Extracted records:

[Start of section]

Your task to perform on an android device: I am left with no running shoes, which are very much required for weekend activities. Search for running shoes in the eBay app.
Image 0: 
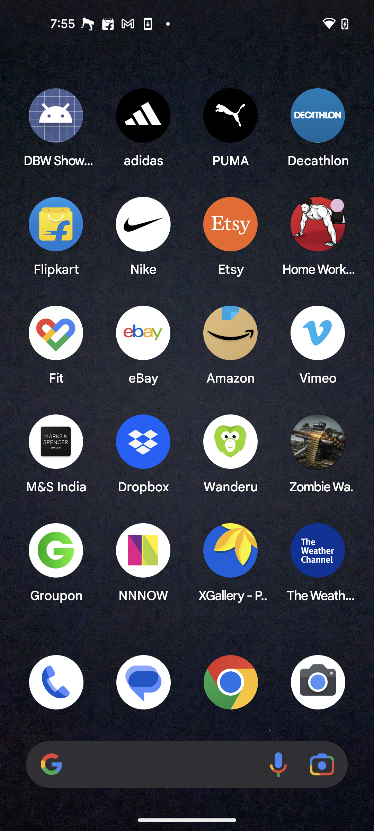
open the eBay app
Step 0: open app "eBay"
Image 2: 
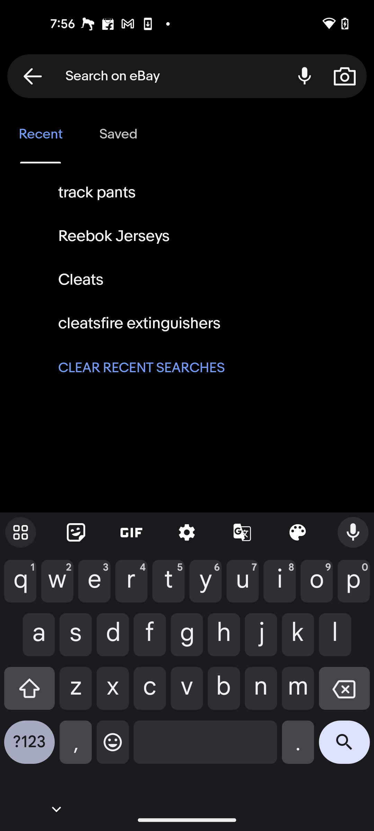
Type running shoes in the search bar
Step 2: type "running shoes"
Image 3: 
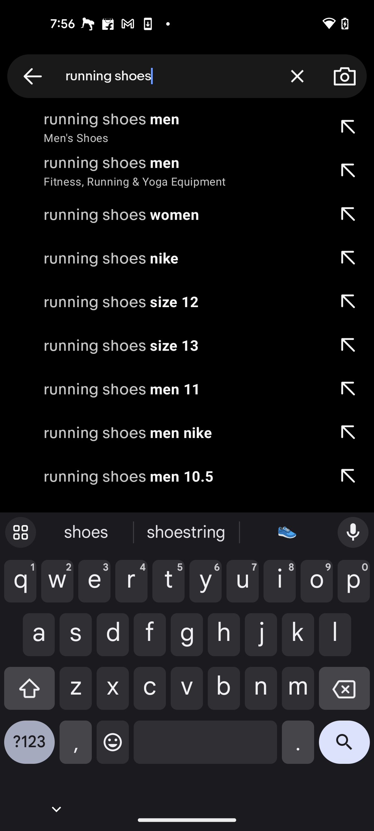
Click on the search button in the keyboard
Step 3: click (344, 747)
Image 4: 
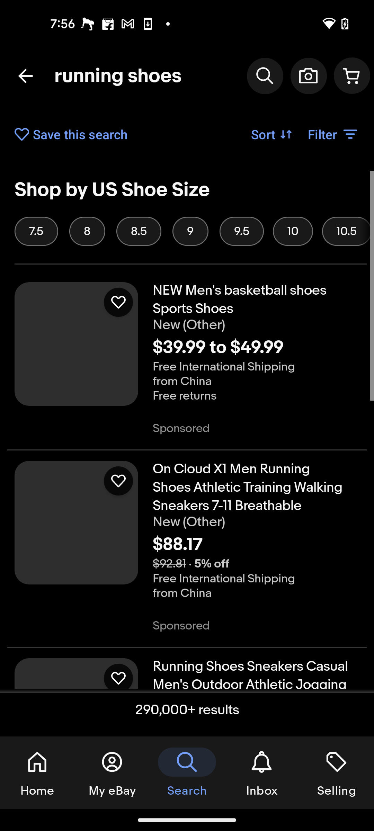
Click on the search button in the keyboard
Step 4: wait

[End of section]
[Start of section]

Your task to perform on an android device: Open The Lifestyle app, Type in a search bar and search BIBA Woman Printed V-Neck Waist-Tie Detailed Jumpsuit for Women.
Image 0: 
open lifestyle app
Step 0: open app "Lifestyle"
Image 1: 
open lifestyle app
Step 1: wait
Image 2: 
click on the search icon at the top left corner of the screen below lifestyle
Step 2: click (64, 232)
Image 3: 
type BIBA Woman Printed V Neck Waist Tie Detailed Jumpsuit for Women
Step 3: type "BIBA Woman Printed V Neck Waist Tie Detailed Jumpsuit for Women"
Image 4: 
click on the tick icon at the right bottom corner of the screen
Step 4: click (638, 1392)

[End of section]

# YOUR ASSIGNMENT:
Your answer must be every line from the entries that contains the string "Woman", copied as it stands.

# RESULT OF THE EXERCISE:
Your task to perform on an android device: Open The Lifestyle app, Type in a search bar and search BIBA Woman Printed V-Neck Waist-Tie Detailed Jumpsuit for Women.
type BIBA Woman Printed V Neck Waist Tie Detailed Jumpsuit for Women
Step 3: type "BIBA Woman Printed V Neck Waist Tie Detailed Jumpsuit for Women"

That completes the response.